DCC has also been prepared from dicyclohexylurea using a phase transfer catalyst. The disubstituted urea, toluenesulfonyl chloride, and potassium carbonate react in toluene in the presence of benzyl triethylammonium chloride to give DCC in 50% yield.

==Reactions==
===Amide, peptide, and ester formation===
DCC is a dehydrating agent for the preparation of amides, ketones, and nitriles. In these reactions, DCC hydrates to form dicyclohexylurea (DCU), a compound that is nearly insoluble in most organic solvents and insoluble in water. The majority of the DCU is thus readily removed by filtration, although the last traces can be difficult to eliminate from non-polar products. DCC can also be used to invert secondary alcohols. In the Steglich esterification, alcohols, including even some tertiary alcohols, can be esterified using a carboxylic acid in the presence of DCC and a catalytic amount of DMAP.
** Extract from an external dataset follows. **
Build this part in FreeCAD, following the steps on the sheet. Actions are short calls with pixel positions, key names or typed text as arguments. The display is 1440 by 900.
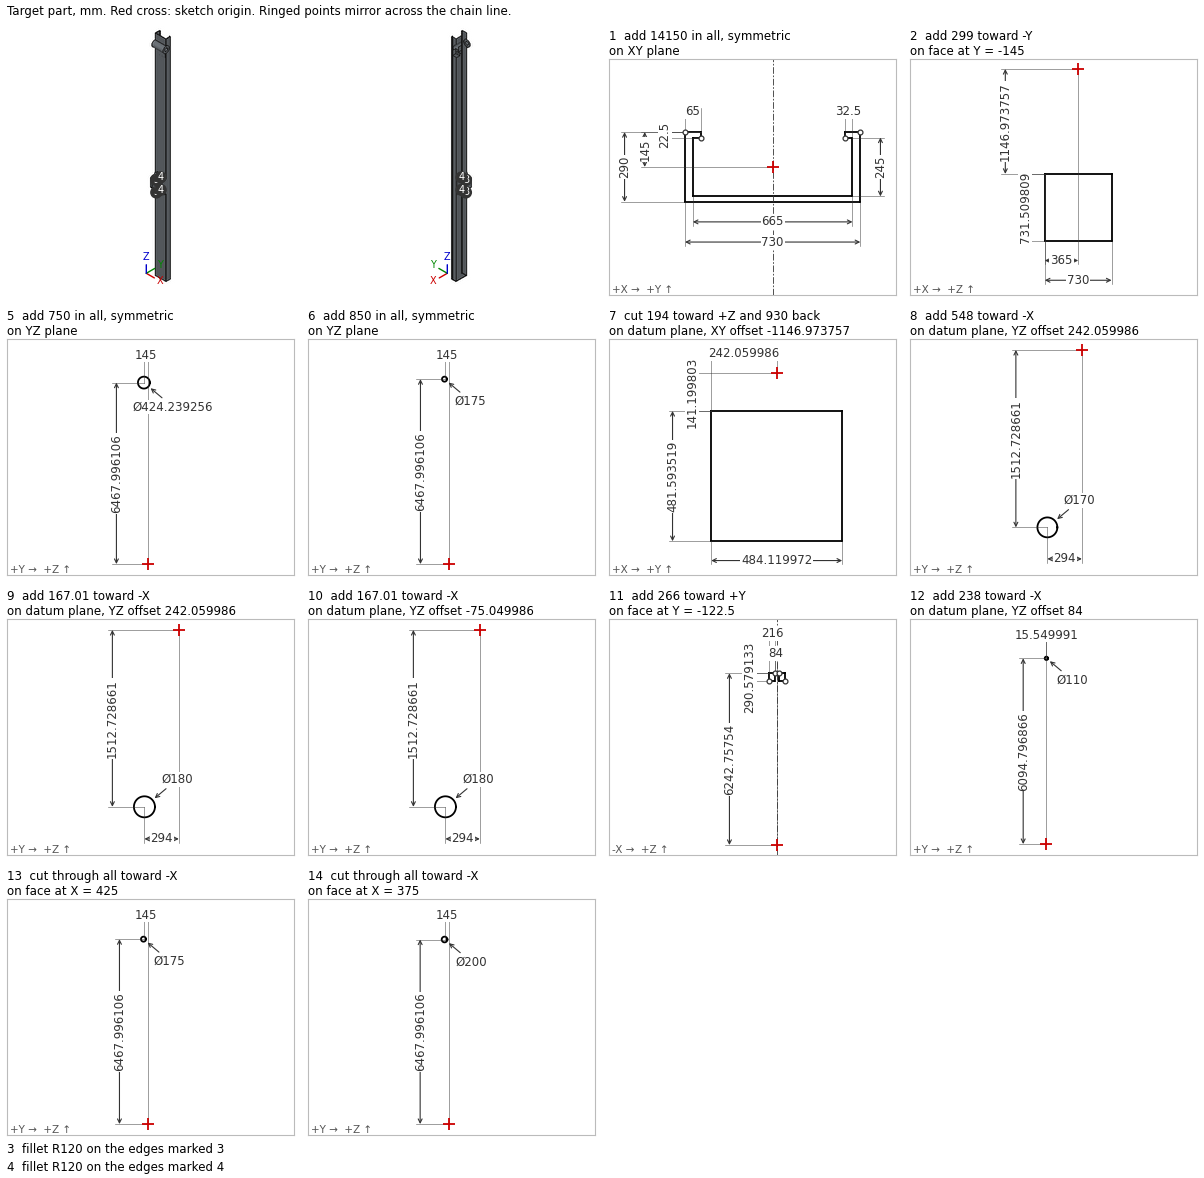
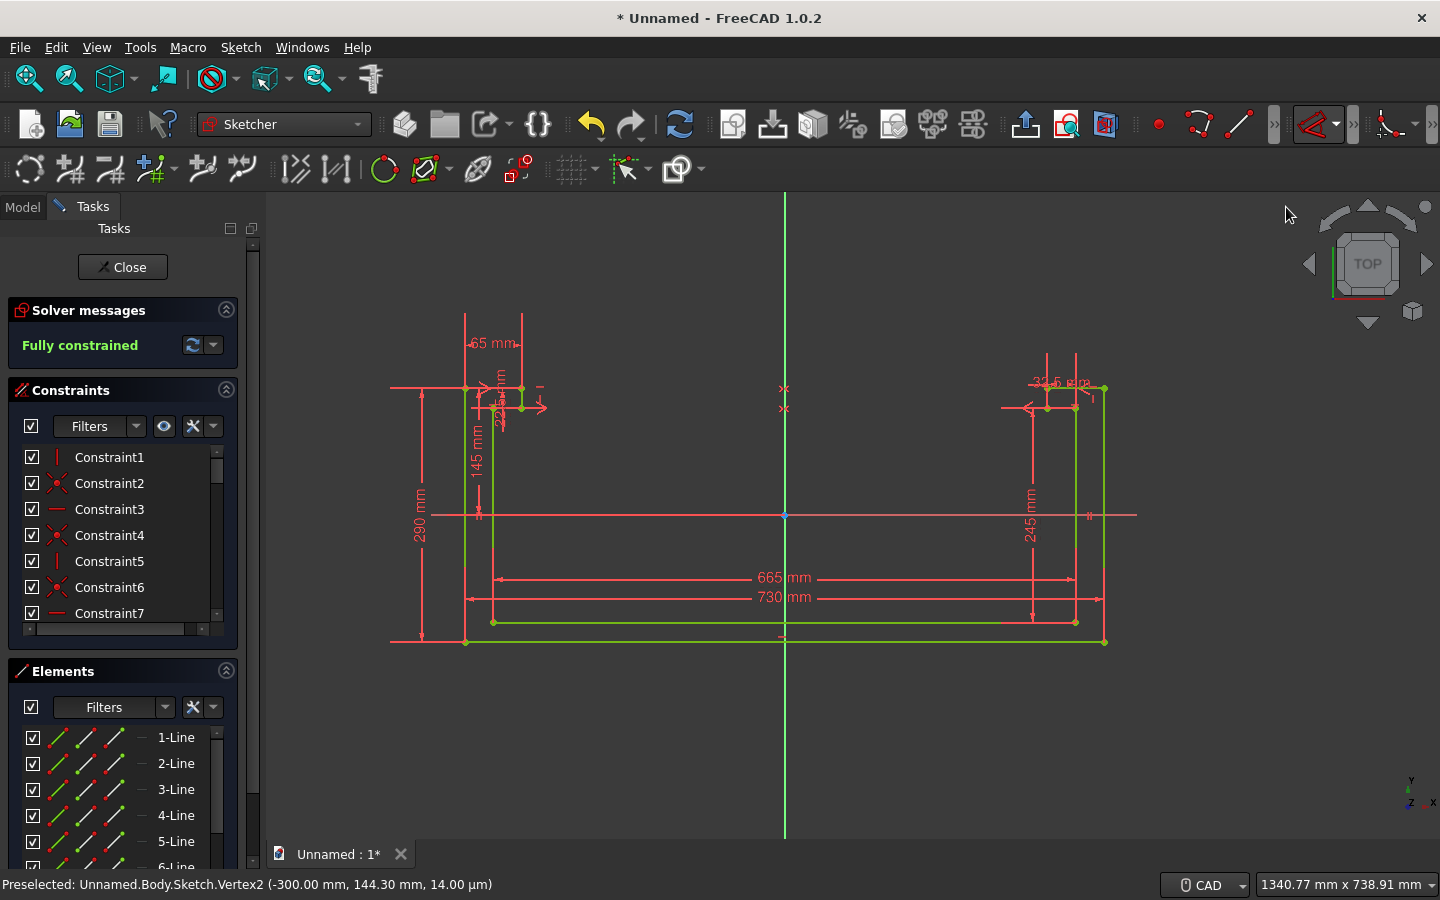
click(123, 267)

In protein synthesis (such as Fmoc solid-state synthesizers), the N-terminus is often used as the attachment site on which the amino acid monomers are added. To enhance the electrophilicity of carboxylate group, the negatively charged oxygen must first be "activated" into a better leaving group. DCC is used for this purpose. The negatively charged oxygen will act as a nucleophile, attacking the central carbon in DCC. DCC is temporarily attached to the former carboxylate group forming a highly electrophilic intermediate, making nucleophilic attack by the terminal amino group on the growing peptide more efficient.

===Moffatt oxidation===
In combination with dimethyl sulfoxide (DMSO), DCC affects the Pfitzner–Moffatt oxidation. This procedure is used for the oxidation of alcohols to aldehydes and ketones. Unlike metal-mediated oxidations, such as the Jones oxidation, the reaction conditions are sufficiently mild to avoid over-oxidation of aldehydes to carboxylic acids. Generally, three equivalents of DCC and 0.5 equivalents of proton source in DMSO are allowed to react overnight at room temperature. The reaction is quenched with acid.

===Other reactions===
- Reaction of an acid with hydrogen peroxide in presence of DCC leads to formation of peroxide linkage.
- Alcohols can also be dehydrated using DCC. This reaction proceeds by first giving the O-acylurea intermediate which is then hydrogenolyzed to produce the corresponding alkene:
RCHOHCH_{2}R′ + (C_{6}H_{11}N)_{2}C → RCH=CHR′ + (C_{6}H_{11}NH)_{2}CO
- Secondary alcohols can be stereochemically inverted by formation of a formyl ester followed by saponification. The secondary alcohol is mixed directly with DCC, formic acid, and a strong base such as sodium methoxide.
- In the presence of DMAP, DCC self-condenses two molecules of phenylacetic acid and its substituted derivatives to produce a bisbenzyl ketone.

==Biological action==
DCC is a classical inhibitor of ATP synthase. DCC inhibits ATP synthase by binding to one of the c subunits and causing steric hindrance of the rotation of the F_{O} subunit.

==Safety==
DCC often causes rashes. In vivo dermal sensitization studies according to OECD 429 confirmed DCC is a strong skin sensitizer, showing a response at 0.03 wt% in the Local Lymph Node Assay (LLNA) placing it in Globally Harmonized System of Classification and Labelling of Chemicals (GHS) Dermal Sensitization Category 1A. Thermal hazard analysis by differential scanning calorimetry (DSC) shows DCC poses minimal explosion risks.